Tuesday, July 6, 2010

inane ramblings

can someone please
answer a few questions
for me

first of all
why is it that
every time i finally
decide to buy
a full sheet of stamps
the post office
raises the price
of stamps?
-please don't tell
me to buy the forever
stamps, because i find
those boring

secondly, how can the
same person
win the lottery
four times?
i'm not money
hungry in the least
but i have to admit
it would be nice
to have the kind
of security
and freedom
a lottery winning
would provide
-to be able to
go out with friends
more regularly
without worrying
about spending
more than i have
-which is something
i've started doing again
-going out with friends,
that is
-and it's embarrassing
to have to say i can't
go out as often as they'd
like because i can't afford
it, and to hear them say
they'd pay for me
because i don't want
anyone to pay for me
-that would make
me a leech
-i know i have to
play to win
but i know if i did
play i wouldn't win
-i recently spent
a day in a casino
and could only
allow myself
to spend one
dollar playing
games.
-the good news
is that i won
another dollar,
so i came out with two.

1 comment:

Guru Kurt said...

From the dawn of human history no one has questioned the idea of exchange. I call this a foundational duality, inherent in egoism, because according to the higher logic of independent souls, the moment you say, “This is mine, it isn’t yours, if you take it I’ll call it stealing, if you want it you must give me something that I value in exchange,” you are exploiting the situation and ignoring the personhood of the other. The ego, unaware of inward consciousness and the value of spirit, immediately assigns value by comparison in the world, at the root level of the thought process. Since it is at the root level, you cannot approach a man about this, or teach him about it. He can only receive what you’d say, through that same mental filter which is causing the trouble. The monks try to renounce material goods, for instance, but exchange and ownership steal into their social situation.
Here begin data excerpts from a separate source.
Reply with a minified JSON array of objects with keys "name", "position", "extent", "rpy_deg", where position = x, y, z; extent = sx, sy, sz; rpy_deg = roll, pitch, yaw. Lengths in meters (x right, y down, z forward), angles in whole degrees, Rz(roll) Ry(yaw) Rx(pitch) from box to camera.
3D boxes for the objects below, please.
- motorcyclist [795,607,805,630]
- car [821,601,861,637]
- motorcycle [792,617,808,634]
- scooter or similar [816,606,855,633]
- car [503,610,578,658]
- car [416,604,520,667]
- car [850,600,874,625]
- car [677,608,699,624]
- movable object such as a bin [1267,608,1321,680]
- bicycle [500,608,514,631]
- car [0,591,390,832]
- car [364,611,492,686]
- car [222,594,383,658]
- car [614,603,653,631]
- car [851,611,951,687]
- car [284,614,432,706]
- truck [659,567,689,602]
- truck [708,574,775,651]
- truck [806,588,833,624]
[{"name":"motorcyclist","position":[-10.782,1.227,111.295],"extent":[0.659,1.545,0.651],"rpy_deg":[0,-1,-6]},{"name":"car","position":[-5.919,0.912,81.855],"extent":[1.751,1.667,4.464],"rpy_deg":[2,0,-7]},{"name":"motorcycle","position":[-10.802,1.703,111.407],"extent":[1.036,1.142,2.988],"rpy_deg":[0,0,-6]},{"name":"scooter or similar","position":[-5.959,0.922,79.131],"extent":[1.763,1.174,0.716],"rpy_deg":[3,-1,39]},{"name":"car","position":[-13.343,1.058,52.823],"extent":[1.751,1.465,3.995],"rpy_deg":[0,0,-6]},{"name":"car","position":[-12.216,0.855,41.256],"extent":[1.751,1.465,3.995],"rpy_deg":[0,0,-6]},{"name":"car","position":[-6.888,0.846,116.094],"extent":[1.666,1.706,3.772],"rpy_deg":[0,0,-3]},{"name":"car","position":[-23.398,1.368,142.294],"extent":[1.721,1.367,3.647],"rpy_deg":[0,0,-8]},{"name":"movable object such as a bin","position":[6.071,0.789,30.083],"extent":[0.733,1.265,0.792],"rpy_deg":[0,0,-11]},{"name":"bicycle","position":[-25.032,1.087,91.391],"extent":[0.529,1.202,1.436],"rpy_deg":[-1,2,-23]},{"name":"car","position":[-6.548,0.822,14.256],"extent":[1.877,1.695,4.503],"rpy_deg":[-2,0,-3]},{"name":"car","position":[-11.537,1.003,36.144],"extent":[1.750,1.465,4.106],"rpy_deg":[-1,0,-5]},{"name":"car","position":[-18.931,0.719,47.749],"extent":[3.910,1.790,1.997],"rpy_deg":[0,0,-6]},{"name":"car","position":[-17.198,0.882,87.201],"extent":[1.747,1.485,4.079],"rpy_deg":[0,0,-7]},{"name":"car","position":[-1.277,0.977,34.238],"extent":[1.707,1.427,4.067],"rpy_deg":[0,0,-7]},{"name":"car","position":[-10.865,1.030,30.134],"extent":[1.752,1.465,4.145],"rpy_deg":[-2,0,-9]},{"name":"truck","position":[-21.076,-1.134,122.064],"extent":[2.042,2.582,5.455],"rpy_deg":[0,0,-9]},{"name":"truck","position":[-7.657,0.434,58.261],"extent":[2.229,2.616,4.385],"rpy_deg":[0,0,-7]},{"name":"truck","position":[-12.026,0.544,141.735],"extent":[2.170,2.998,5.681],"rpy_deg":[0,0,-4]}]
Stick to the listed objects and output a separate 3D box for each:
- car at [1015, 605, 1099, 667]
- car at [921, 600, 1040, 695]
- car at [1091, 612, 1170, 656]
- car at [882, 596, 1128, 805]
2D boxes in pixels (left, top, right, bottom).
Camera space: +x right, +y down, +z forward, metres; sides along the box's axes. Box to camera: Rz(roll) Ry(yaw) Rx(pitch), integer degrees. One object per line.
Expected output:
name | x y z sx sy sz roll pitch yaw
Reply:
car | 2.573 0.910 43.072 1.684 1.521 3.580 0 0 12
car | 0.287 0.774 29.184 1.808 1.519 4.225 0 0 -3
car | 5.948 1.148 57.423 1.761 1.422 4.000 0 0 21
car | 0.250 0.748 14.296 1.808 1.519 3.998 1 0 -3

The idea of the humans appears to be, “Let’s divide up the objects, this is intelligent and rational.” It is a step above what monkeys achieve, but the Earth cannot support such squandering of resources, and it is basically unfriendly. Capitalism operates by first denying goods, then allowing access to these goods on the basis of exchange. It is the prior denial which is unfriendly and antisocial, and a carryover from animalistic thinking.

So, the Post Office isn’t going to deliver mail if you don’t pay them, and your friends aren’t going to like you any more if you don’t cough up with the green. The higher view is that all have a right to the fundamental necessities of life, if they are willing to work for the sake of the good of the community. They should not have to pay for this. These things are not denied to them, because their value as spirits-in-bodies is recognized. They ought to eat and sleep in a house first, because they are in human bodies. The rest is determined later, after the basic needs are met.

Such altruistic thinking has always failed among the actual egoic humans. The major reason for this is that they do not like to work. Like the animals roaming in the forest, they’d rather establish their territory and avoid work if possible. All the forms of human society today can be resolved like this, once a more advanced standard is applied somewhere, that they are manifesting small steps above the animal existence, such as hobnobbing with one another instead of having a meaningful conversation, or hiding out with the family instead of seeking friends for the sake of their worthy personality traits.